The final metric of Prince’s mystery lies in perhaps his most definable characteristic: the color purple. Prince was purple: from the motorcycle featured in scenes of the blockbuster film, Purple Rain, to the “Love Symbol” guitar paraded on stage during the Super Bowl XLI halftime show, Prince and purple were inseparable, and no other color could have better served the artist’s mysterious aesthetic. Purple has mystical implications; think of any stereotypical magician or sorceress, and you’ll likely incorporate elements of purple in your image. What’s more, purple is often associated with vanity, extravagance, individualism, and ambiguity, characteristics that scream Prince. Purple is also not traditionally masculine or feminine — sound familiar?

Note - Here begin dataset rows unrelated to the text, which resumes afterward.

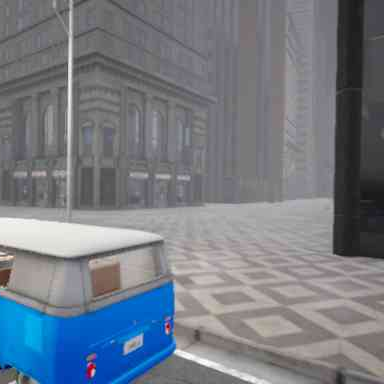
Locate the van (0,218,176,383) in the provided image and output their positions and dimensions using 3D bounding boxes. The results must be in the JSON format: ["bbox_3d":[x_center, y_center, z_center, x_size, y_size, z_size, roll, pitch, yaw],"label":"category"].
[{"bbox_3d":[-2.107,1.315,4.498,3.998,1.788,1.690,0,1,36],"label":"van"}]
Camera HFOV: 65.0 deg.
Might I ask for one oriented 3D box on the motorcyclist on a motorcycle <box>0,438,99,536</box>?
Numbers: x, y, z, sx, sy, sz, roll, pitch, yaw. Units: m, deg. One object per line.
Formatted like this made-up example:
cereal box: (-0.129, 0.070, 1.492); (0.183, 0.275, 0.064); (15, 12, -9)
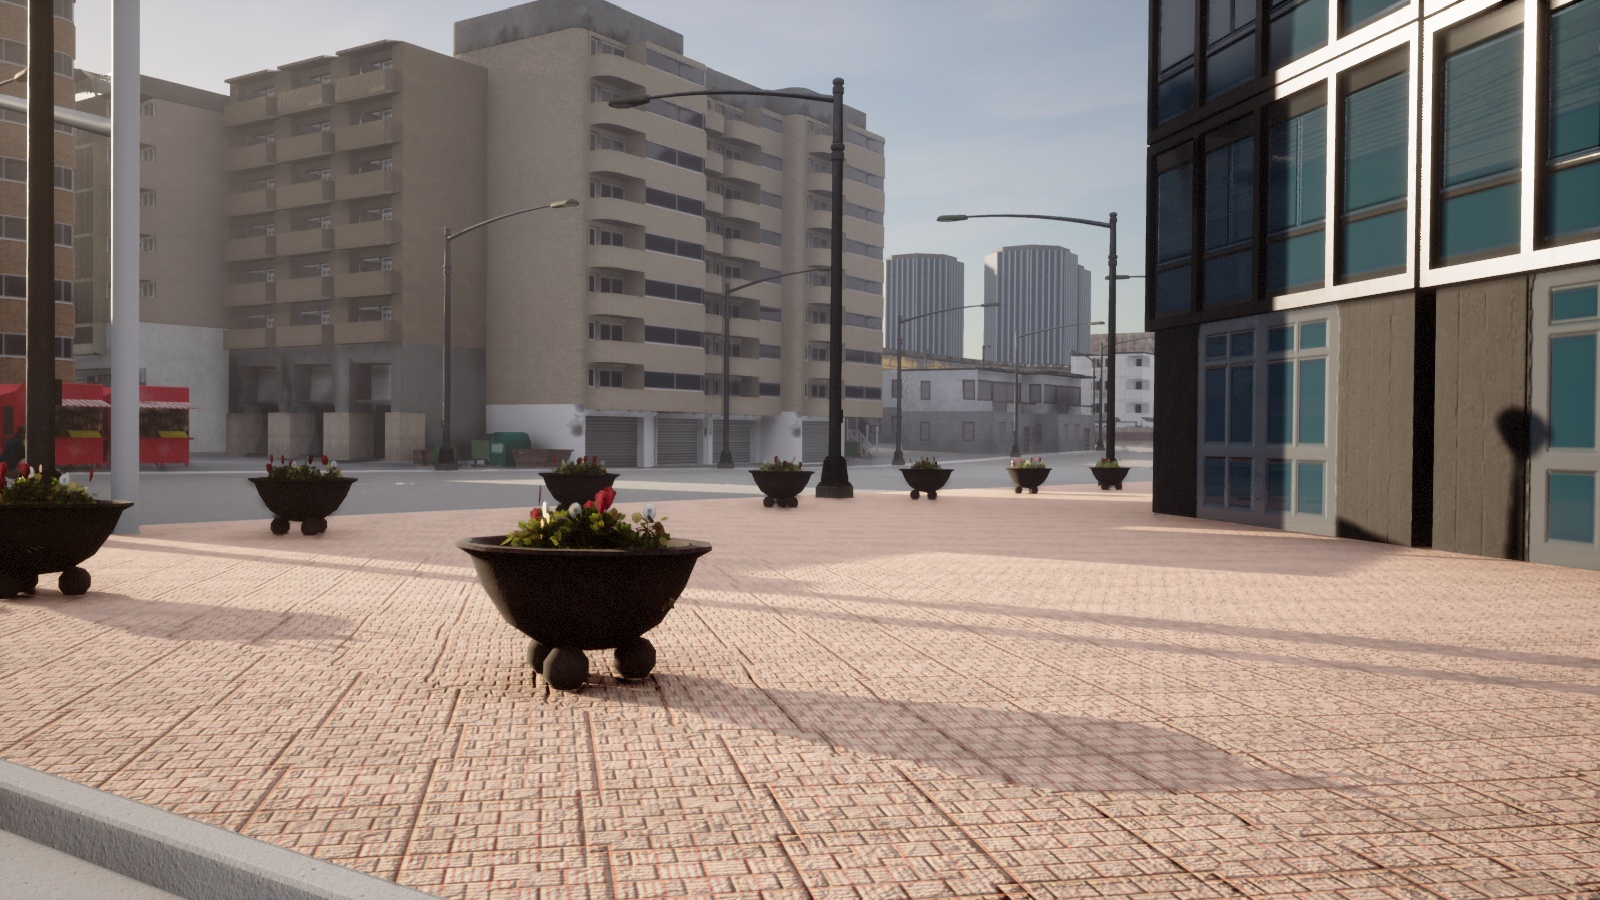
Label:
motorcyclist on a motorcycle: (-12.956, 0.602, 21.137); (0.866, 1.590, 1.817); (0, 0, 33)
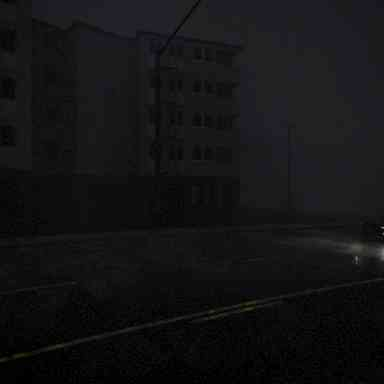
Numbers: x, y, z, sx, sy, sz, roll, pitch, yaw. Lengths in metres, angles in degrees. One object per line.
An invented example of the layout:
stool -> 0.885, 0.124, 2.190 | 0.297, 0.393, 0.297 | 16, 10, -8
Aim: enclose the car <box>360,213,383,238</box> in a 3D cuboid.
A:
car -> 10.508, 1.473, 16.087 | 5.008, 1.535, 1.882 | 0, 0, -19
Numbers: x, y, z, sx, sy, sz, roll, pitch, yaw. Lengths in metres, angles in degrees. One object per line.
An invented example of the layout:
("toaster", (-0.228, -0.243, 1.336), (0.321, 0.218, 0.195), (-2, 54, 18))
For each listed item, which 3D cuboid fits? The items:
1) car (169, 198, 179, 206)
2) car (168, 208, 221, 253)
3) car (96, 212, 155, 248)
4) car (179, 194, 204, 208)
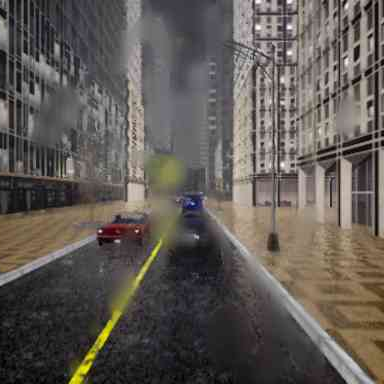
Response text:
("car", (-2.852, 1.659, 58.340), (1.994, 1.385, 4.181), (0, 0, 0))
("car", (0.089, 1.572, 13.762), (1.994, 1.385, 4.181), (0, 0, 0))
("car", (-2.865, 1.609, 15.105), (1.895, 1.301, 4.718), (0, 0, 0))
("car", (0.065, 1.254, 35.080), (2.150, 2.045, 5.566), (0, 0, 0))
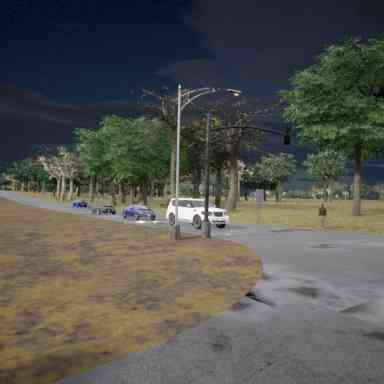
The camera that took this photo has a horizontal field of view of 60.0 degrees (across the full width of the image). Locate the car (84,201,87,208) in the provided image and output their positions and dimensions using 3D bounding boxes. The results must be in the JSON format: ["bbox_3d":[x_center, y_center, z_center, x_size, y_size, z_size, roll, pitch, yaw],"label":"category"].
[{"bbox_3d":[-15.599,2.253,54.143,1.994,1.385,4.181,3,-2,-33],"label":"car"}]

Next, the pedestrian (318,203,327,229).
[{"bbox_3d":[9.324,1.719,23.840,0.375,1.860,0.375,2,-1,-34],"label":"pedestrian"}]

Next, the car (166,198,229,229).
[{"bbox_3d":[0.245,1.460,23.764,2.150,2.045,5.566,3,-2,-34],"label":"car"}]

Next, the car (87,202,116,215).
[{"bbox_3d":[-10.767,2.014,40.263,1.994,1.385,4.181,3,-2,-34],"label":"car"}]

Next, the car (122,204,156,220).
[{"bbox_3d":[-5.196,1.884,31.931,1.812,1.442,4.674,3,-2,-34],"label":"car"}]

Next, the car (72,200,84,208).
[{"bbox_3d":[-21.101,2.223,62.412,1.882,1.535,5.008,3,-2,-34],"label":"car"}]
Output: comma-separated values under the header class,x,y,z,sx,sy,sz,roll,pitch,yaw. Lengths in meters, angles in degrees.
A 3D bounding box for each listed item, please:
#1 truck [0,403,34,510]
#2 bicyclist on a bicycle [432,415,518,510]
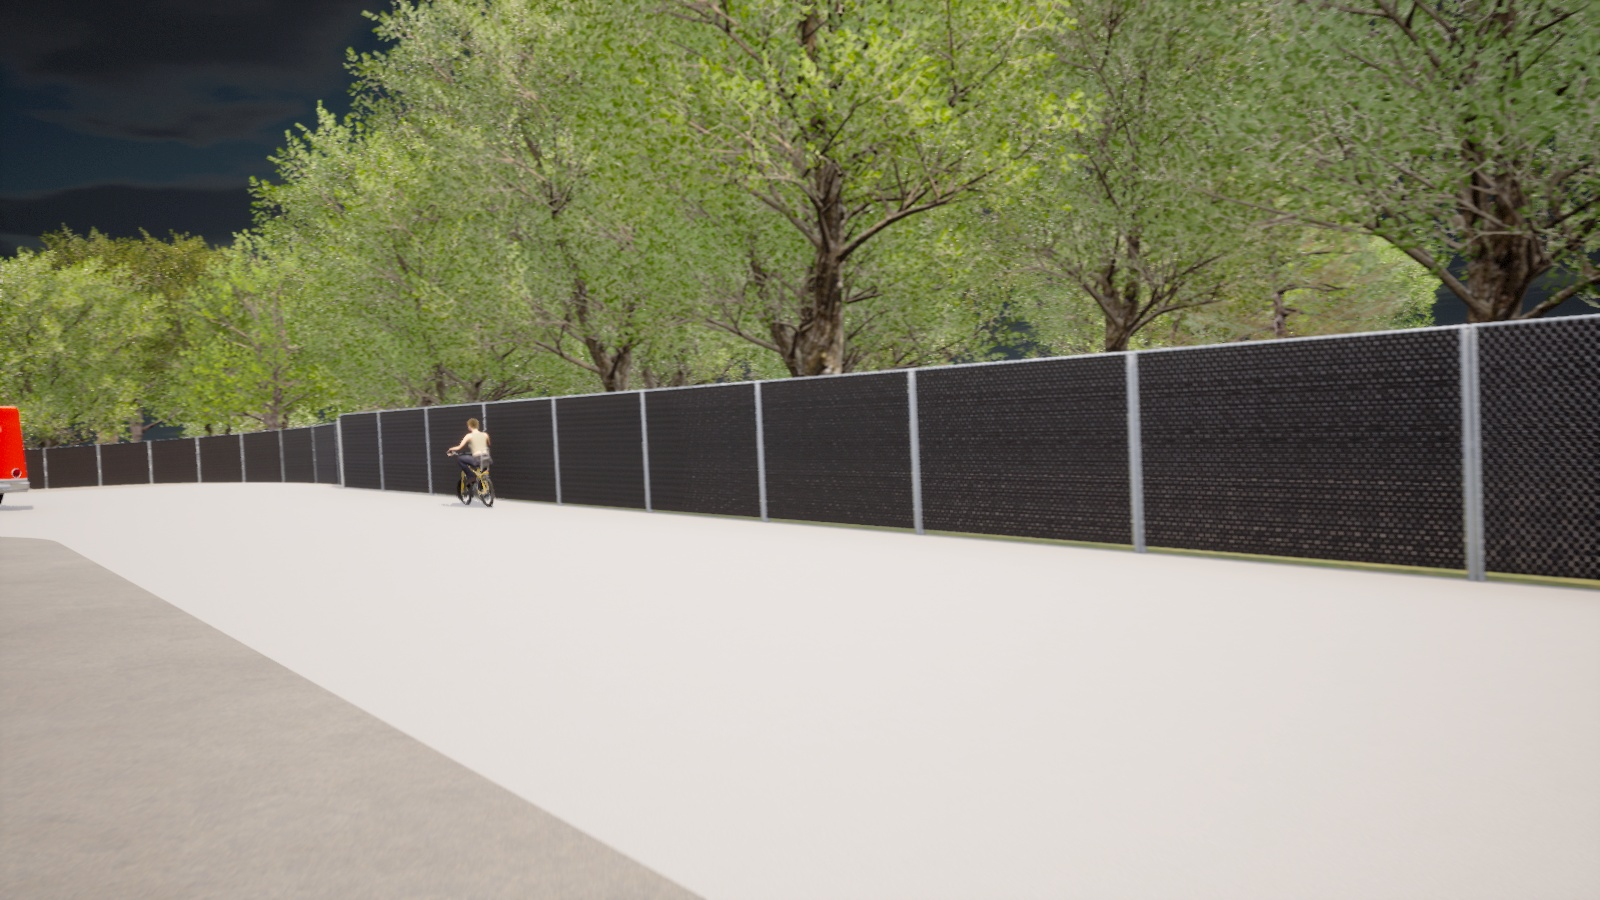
class,x,y,z,sx,sy,sz,roll,pitch,yaw
truck,-20.938,0.210,29.406,5.204,2.467,2.627,-1,1,25
bicyclist on a bicycle,-5.927,0.216,22.836,0.866,1.612,1.509,-5,3,-38

From his appearance to his music, from his temporary name to his favorite color, Prince expertly doctored an aesthetic of mystery. This theme of mystery seems to be tied to Prince’s embrace of individualism; not only were people unsure about what he was — whether straight, gay, black, white, male, or female — almost know one ever knew where he was. His identity was completely individualistic, not tied to or concerned with that of anyone else, and he looked to no one but himself for validation: “Really, I’m normal. A little highly strung, maybe. But normal. But so much has been written about me and people never know what’s right and what’s wrong. I’d rather let them stay confused.” Confused, yes — but there are more apt descriptions for those on whom Prince left his mystical mark: intrigued and inspired. By shedding labels, Prince taught fans what it meant to be an individual.